**Exercise description:**
Nothing past the line containing "13. plate at [102, 384, 142, 453]" belongs in the output. Copy exactly every line of the data below from the first up to and including it.

++++ Information shown ++++

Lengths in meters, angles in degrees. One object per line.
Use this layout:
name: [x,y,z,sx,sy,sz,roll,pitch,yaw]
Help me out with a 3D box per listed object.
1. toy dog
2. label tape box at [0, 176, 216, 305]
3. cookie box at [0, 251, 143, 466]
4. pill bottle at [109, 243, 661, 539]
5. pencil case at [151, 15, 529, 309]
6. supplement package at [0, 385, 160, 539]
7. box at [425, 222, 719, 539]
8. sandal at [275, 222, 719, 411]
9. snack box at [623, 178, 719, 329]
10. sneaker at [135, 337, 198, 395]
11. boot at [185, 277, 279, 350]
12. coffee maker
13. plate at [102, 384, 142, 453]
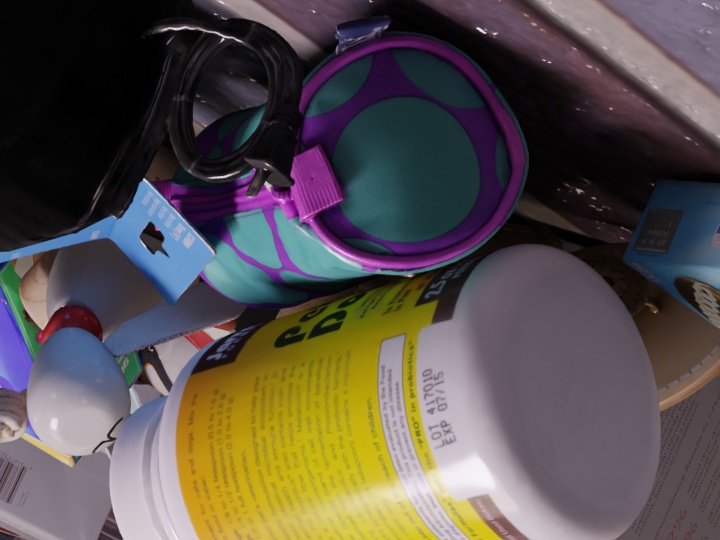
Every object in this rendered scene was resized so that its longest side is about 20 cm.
toy dog: [-0.099,0.032,1.130,0.096,0.201,0.132,32,133,-16]
label tape box: [-0.151,-0.054,0.995,0.200,0.063,0.144,51,166,0]
cookie box: [-0.212,-0.007,1.312,0.171,0.075,0.200,27,156,22]
pill bottle: [0.003,0.064,0.929,0.199,0.110,0.109,-18,141,38]
pencil case: [-0.012,-0.033,0.929,0.092,0.086,0.200,-6,177,-16]
supplement package: [-0.285,0.089,1.806,0.191,0.148,0.200,33,164,-34]
box: [0.085,0.088,1.097,0.106,0.153,0.200,19,166,28]
sandal: [0.042,0.016,0.976,0.211,0.078,0.070,-4,153,34]
snack box: [0.201,0.031,0.910,0.200,0.037,0.116,33,165,-33]
sneaker: [-0.121,0.032,1.438,0.080,0.074,0.200,34,164,-28]
boot: [-0.045,0.035,1.283,0.200,0.072,0.144,40,169,4]
coffee maker: [-0.144,-0.098,0.732,0.191,0.135,0.200,-10,156,26]
plate: [-0.190,0.037,1.479,0.200,0.026,0.201,46,158,25]
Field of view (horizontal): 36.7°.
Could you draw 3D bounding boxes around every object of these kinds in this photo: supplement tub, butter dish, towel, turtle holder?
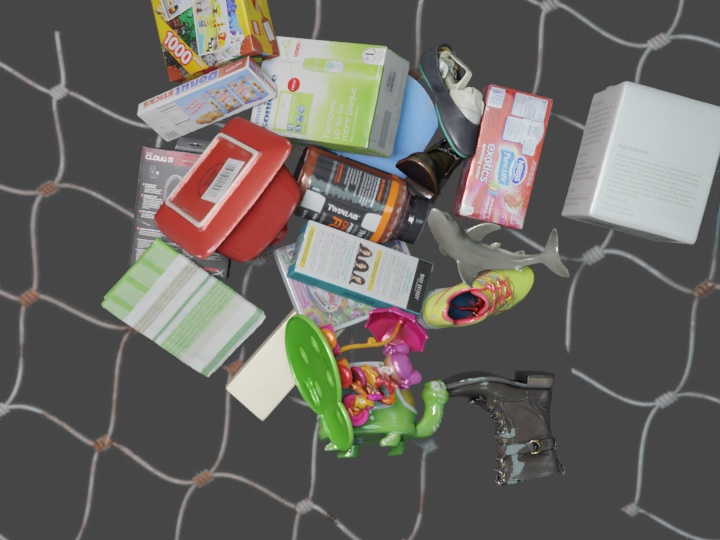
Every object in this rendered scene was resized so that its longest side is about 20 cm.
[{"bbox_3d":[-0.003,-0.103,1.584,0.200,0.107,0.107,19,92,-8],"label":"supplement tub"},{"bbox_3d":[-0.160,-0.089,1.514,0.200,0.199,0.148,-52,126,-5],"label":"butter dish"},{"bbox_3d":[-0.260,0.054,1.600,0.200,0.031,0.149,38,112,-18],"label":"towel"},{"bbox_3d":[0.026,0.203,1.609,0.185,0.141,0.132,-12,70,28],"label":"turtle holder"}]

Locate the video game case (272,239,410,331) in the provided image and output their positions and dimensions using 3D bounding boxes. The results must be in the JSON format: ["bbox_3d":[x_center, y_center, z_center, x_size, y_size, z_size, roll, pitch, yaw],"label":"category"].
[{"bbox_3d":[-0.014,0.006,1.617,0.200,0.018,0.143,-19,84,-22],"label":"video game case"}]

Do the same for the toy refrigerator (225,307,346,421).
[{"bbox_3d":[-0.109,0.124,1.635,0.076,0.070,0.200,41,85,-5],"label":"toy refrigerator"}]

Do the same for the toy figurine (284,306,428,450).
[{"bbox_3d":[0.018,0.130,1.530,0.184,0.150,0.200,-18,75,-27],"label":"toy figurine"}]

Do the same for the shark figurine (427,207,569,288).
[{"bbox_3d":[0.189,-0.012,1.596,0.214,0.128,0.090,15,57,-4],"label":"shark figurine"}]

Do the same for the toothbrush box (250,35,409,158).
[{"bbox_3d":[-0.045,-0.251,1.566,0.200,0.086,0.146,12,90,28],"label":"toothbrush box"}]

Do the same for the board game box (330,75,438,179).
[{"bbox_3d":[0.019,-0.209,1.642,0.158,0.039,0.200,30,98,-6],"label":"board game box"}]

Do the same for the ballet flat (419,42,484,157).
[{"bbox_3d":[0.139,-0.257,1.583,0.073,0.073,0.200,-15,56,-2],"label":"ballet flat"}]

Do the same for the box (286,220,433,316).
[{"bbox_3d":[0.000,0.000,1.586,0.200,0.049,0.082,20,73,-14],"label":"box"}]

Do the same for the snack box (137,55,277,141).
[{"bbox_3d":[-0.223,-0.245,1.568,0.200,0.072,0.024,-18,51,26],"label":"snack box"}]

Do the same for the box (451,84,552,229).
[{"bbox_3d":[0.210,-0.168,1.625,0.100,0.095,0.200,13,93,-3],"label":"box"}]

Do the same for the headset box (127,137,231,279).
[{"bbox_3d":[-0.256,-0.096,1.612,0.148,0.075,0.200,7,93,-4],"label":"headset box"}]

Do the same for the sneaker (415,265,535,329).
[{"bbox_3d":[0.185,0.042,1.626,0.200,0.090,0.078,-24,99,-19],"label":"sneaker"}]

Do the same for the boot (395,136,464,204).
[{"bbox_3d":[0.107,-0.164,1.572,0.075,0.200,0.097,35,87,7],"label":"boot"}]

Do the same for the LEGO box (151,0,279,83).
[{"bbox_3d":[-0.217,-0.384,1.561,0.149,0.077,0.200,-15,87,25],"label":"LEGO box"}]

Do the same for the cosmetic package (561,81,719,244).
[{"bbox_3d":[0.417,-0.155,1.603,0.166,0.167,0.200,15,93,-3],"label":"cosmetic package"}]

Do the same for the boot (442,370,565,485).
[{"bbox_3d":[0.217,0.244,1.662,0.200,0.069,0.174,0,93,-5],"label":"boot"}]

++++

**Task answer:**
Lengths in meters, angles in degrees. One object per line.
Use this layout:
name: [x,y,z,sx,sy,sz,roll,pitch,yaw]
Help me out with a 3D box per listed object.
1. toy dog
2. label tape box at [0, 176, 216, 305]
3. cookie box at [0, 251, 143, 466]
4. pill bottle at [109, 243, 661, 539]
5. pencil case at [151, 15, 529, 309]
6. supplement package at [0, 385, 160, 539]
7. box at [425, 222, 719, 539]
8. sandal at [275, 222, 719, 411]
9. snack box at [623, 178, 719, 329]
10. sneaker at [135, 337, 198, 395]
11. boot at [185, 277, 279, 350]
12. coffee maker
13. plate at [102, 384, 142, 453]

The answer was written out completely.